Data section:
-- Opening Marker --
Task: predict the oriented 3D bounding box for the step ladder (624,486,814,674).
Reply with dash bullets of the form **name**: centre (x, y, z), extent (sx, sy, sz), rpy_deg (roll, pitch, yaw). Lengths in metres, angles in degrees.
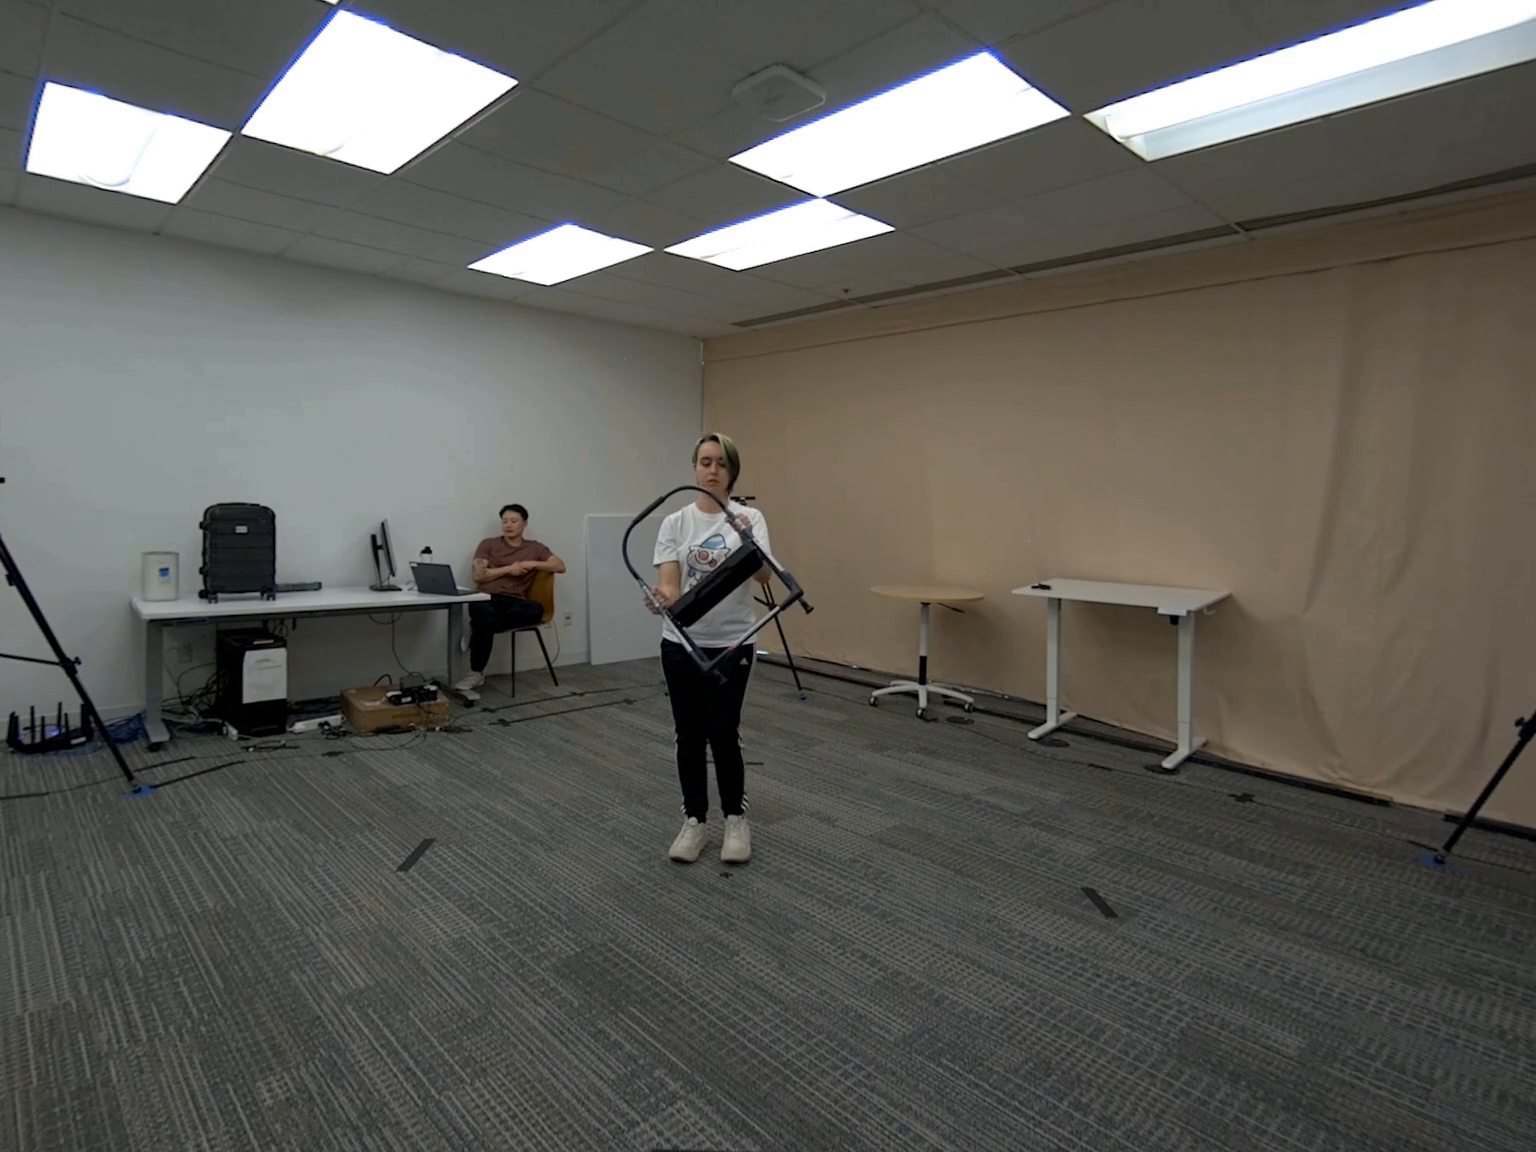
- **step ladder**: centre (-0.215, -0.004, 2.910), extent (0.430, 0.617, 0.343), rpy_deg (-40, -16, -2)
-- Closing Marker --
Problem statement: Everything in the listing except the pictures must come back exactly as written.

Answer below:
Task: predict the oriented 3D bounding box for the step ladder (624,486,814,674).
Reply with dash bullets of the form **name**: centre (x, y, z), extent (sx, sy, sz), rpy_deg (roll, pitch, yaw). Lengths in metres, angles in degrees.
- **step ladder**: centre (-0.215, -0.004, 2.910), extent (0.430, 0.617, 0.343), rpy_deg (-40, -16, -2)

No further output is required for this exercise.